The United Nations Environment Program estimated in 2006 that every square mile of ocean hosts 46,000 pieces of floating plastic.

During a recent team meeting at BrownFlynn, we started brainstorming potential (generally ridiculous) solutions to cleaning up The Great Pacific Garbage Patch.  This Garbage Patch the size of Texas has accumulated in the middle of the Pacific Ocean, where ocean currents push the pieces of (mostly) plastic into a particularly inhospitable whirlpool.  It’s growing in size and every year people find other similar garbage patches around the world’s oceans.

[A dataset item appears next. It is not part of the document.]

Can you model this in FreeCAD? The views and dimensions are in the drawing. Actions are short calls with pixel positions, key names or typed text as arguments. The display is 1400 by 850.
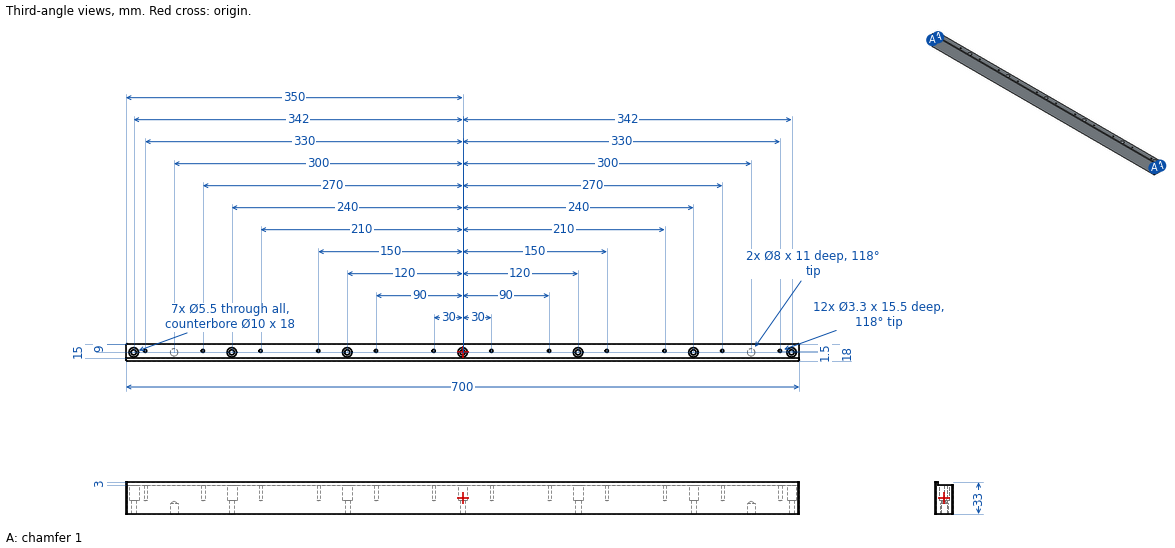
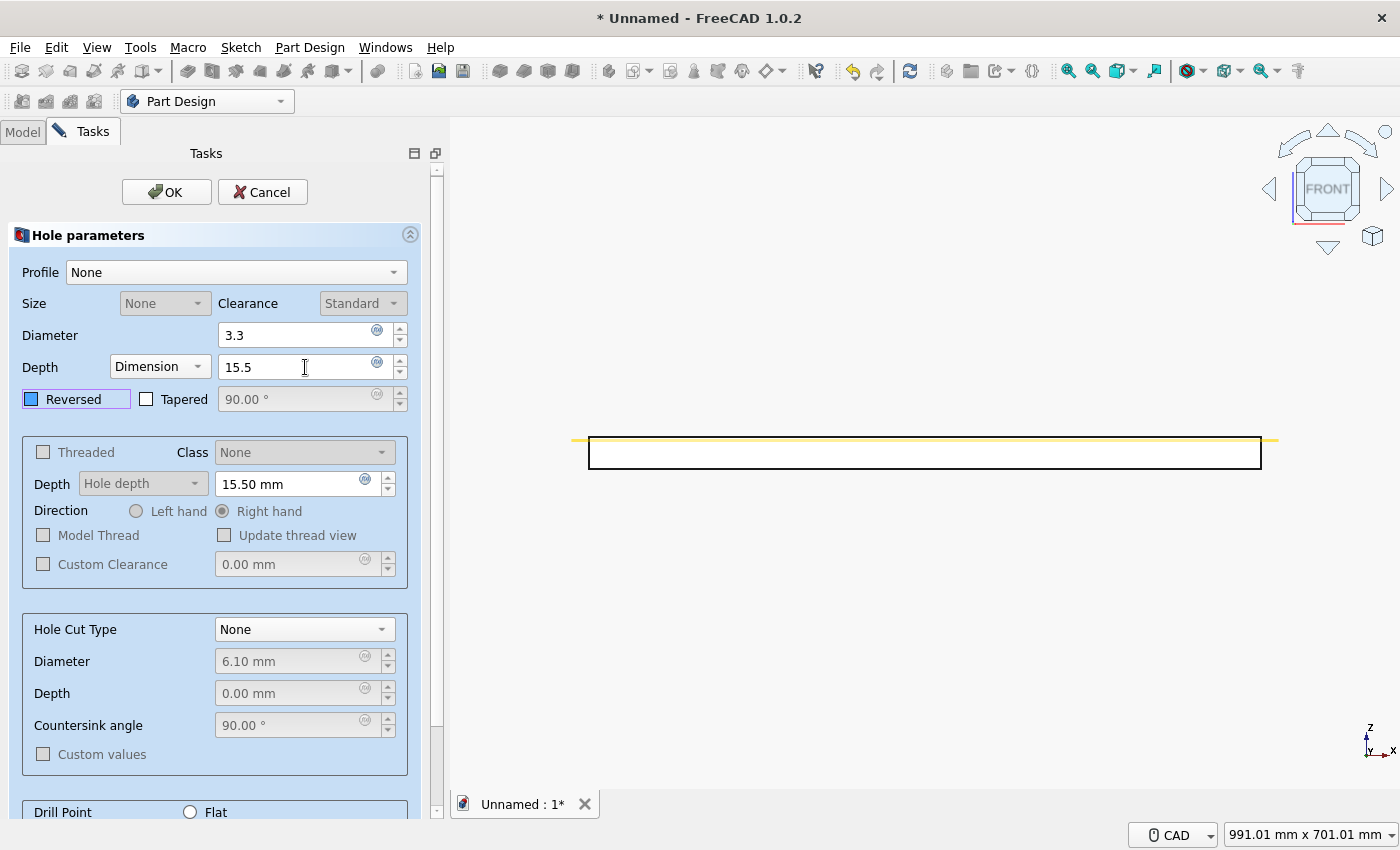
click(167, 192)

Photo from students.umf.maine.edu/learykp/public.www/

The main problem with this is that the plastic deeply affects ocean habitats and ends up in our own bodies.  The pieces of plastic break down into smaller particles, making them extraordinarily difficult to clean up, and the plastic particles both absorb and release toxic chemicals in the water, making them small pieces of contamination.  Fish eat these plastic particles, mistaking them for plankton, and end up saturated with the toxins that were absorbed in the plastic.  Guess who eats the fish.